**THE PROBLEM**
From the records below, transcribe exactly the lines that begin at the line with "Horizontal field of" and end at the line with "18. toy car [317, 73, 418, 177]", both included.

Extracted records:
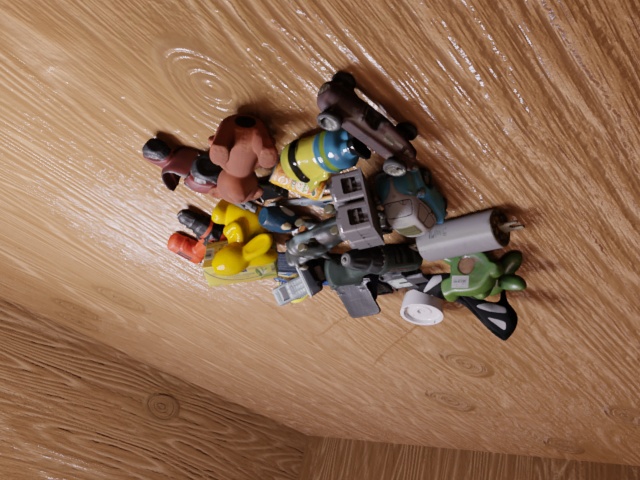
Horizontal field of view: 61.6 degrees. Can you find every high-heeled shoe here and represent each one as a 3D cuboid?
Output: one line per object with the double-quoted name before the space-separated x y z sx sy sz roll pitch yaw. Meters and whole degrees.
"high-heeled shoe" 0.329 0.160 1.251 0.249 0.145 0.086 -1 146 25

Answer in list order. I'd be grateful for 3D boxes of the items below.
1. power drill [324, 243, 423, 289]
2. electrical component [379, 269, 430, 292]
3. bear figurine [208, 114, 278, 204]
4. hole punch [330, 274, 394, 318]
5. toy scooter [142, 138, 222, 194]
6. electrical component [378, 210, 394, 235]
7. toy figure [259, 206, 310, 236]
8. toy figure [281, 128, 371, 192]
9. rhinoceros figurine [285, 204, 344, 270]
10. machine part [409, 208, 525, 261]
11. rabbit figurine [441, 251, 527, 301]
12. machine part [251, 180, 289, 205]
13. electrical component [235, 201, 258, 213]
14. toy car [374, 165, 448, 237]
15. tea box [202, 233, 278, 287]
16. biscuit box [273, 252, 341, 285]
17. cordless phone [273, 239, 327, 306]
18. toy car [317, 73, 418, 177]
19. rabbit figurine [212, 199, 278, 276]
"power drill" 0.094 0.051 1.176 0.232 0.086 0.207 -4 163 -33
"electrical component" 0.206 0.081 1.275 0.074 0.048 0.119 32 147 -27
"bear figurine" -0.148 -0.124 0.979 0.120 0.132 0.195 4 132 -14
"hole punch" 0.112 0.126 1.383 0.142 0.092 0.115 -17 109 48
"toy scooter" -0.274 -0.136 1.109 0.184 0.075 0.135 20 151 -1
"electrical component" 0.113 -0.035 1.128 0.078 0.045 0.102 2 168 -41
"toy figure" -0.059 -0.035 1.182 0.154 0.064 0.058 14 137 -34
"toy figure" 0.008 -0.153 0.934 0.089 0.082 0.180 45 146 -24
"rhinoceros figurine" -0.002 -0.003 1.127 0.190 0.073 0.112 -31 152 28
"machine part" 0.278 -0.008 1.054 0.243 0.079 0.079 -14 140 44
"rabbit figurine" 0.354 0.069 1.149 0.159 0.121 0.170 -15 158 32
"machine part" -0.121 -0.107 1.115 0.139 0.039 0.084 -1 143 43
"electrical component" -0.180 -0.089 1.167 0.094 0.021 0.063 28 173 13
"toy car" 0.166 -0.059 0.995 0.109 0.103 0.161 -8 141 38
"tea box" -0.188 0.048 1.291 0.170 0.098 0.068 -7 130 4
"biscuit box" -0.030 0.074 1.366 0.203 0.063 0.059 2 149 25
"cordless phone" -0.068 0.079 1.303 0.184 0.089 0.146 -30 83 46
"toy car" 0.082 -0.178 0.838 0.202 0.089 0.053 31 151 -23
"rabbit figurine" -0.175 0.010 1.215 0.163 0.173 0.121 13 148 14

* * *

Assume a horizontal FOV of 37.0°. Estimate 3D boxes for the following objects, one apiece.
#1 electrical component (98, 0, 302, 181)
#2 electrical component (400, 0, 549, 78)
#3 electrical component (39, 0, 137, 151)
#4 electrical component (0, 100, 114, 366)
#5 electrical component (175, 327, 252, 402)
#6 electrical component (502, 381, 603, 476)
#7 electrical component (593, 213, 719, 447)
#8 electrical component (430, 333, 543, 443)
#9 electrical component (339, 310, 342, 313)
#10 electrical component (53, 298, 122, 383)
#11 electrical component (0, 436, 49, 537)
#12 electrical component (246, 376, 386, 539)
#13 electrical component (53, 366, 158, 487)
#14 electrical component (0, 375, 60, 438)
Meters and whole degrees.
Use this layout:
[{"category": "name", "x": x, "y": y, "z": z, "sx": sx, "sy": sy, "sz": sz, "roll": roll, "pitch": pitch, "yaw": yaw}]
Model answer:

---

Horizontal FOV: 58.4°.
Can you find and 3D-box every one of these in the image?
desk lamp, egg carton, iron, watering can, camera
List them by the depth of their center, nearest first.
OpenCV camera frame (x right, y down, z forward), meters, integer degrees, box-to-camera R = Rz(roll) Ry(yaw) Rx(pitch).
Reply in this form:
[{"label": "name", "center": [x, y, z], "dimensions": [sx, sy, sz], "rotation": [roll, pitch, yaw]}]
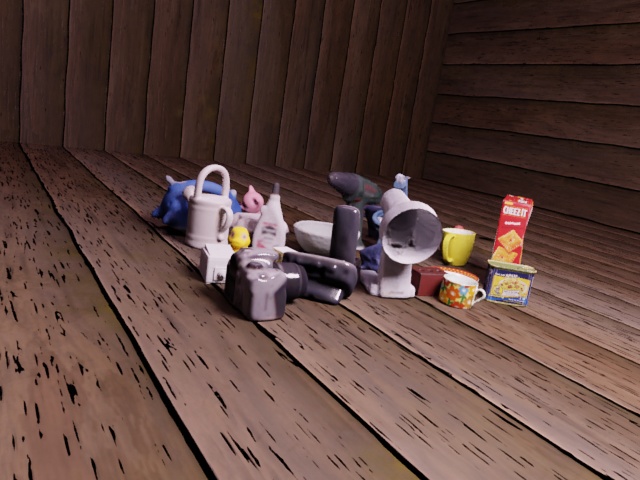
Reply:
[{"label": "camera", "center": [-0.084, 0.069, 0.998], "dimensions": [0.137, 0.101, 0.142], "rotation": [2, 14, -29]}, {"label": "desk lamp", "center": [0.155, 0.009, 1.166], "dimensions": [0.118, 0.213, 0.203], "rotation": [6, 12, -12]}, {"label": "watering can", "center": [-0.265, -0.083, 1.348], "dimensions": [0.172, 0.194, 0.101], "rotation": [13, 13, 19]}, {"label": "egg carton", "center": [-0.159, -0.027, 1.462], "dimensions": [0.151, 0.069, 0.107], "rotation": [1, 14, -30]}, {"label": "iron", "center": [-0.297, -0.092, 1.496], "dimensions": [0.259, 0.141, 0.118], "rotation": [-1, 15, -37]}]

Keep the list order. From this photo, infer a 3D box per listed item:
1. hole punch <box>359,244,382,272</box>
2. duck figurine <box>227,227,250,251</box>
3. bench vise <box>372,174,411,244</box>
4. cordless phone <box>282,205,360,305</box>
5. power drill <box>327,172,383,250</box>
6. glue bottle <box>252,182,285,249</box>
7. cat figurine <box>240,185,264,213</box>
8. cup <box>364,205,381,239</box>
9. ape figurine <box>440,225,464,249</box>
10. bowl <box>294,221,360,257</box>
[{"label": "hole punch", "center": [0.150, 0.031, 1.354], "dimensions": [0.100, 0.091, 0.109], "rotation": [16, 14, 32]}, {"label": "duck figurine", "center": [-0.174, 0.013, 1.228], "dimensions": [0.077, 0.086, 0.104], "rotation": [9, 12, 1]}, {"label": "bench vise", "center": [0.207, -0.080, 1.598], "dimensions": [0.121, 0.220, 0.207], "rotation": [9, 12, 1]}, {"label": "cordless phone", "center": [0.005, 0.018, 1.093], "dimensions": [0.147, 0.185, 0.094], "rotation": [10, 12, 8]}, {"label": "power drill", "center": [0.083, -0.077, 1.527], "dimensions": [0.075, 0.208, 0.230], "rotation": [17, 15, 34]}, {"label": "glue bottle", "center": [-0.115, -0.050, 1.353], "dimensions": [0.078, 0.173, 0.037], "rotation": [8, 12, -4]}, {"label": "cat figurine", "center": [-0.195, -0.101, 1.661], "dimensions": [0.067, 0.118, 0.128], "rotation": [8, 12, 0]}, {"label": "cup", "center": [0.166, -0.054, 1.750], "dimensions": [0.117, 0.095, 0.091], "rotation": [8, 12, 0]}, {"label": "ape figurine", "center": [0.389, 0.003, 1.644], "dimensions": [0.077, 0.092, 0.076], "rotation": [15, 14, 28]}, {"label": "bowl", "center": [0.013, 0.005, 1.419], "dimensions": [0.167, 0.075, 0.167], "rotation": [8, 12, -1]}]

**WRITTEN RESPONSE**
Horizontal field of view: 61.6 degrees. Can you find every high-heeled shoe here and represent each one as a 3D cuboid?
Output: one line per object with the double-quoted name before the space-separated x y z sx sy sz roll pitch yaw. Meters and whole degrees.
"high-heeled shoe" 0.329 0.160 1.251 0.249 0.145 0.086 -1 146 25

Answer in list order. I'd be grateful for 3D boxes of the items below.
1. power drill [324, 243, 423, 289]
2. electrical component [379, 269, 430, 292]
3. bear figurine [208, 114, 278, 204]
4. hole punch [330, 274, 394, 318]
5. toy scooter [142, 138, 222, 194]
6. electrical component [378, 210, 394, 235]
7. toy figure [259, 206, 310, 236]
8. toy figure [281, 128, 371, 192]
9. rhinoceros figurine [285, 204, 344, 270]
10. machine part [409, 208, 525, 261]
11. rabbit figurine [441, 251, 527, 301]
12. machine part [251, 180, 289, 205]
13. electrical component [235, 201, 258, 213]
14. toy car [374, 165, 448, 237]
15. tea box [202, 233, 278, 287]
16. biscuit box [273, 252, 341, 285]
17. cordless phone [273, 239, 327, 306]
18. toy car [317, 73, 418, 177]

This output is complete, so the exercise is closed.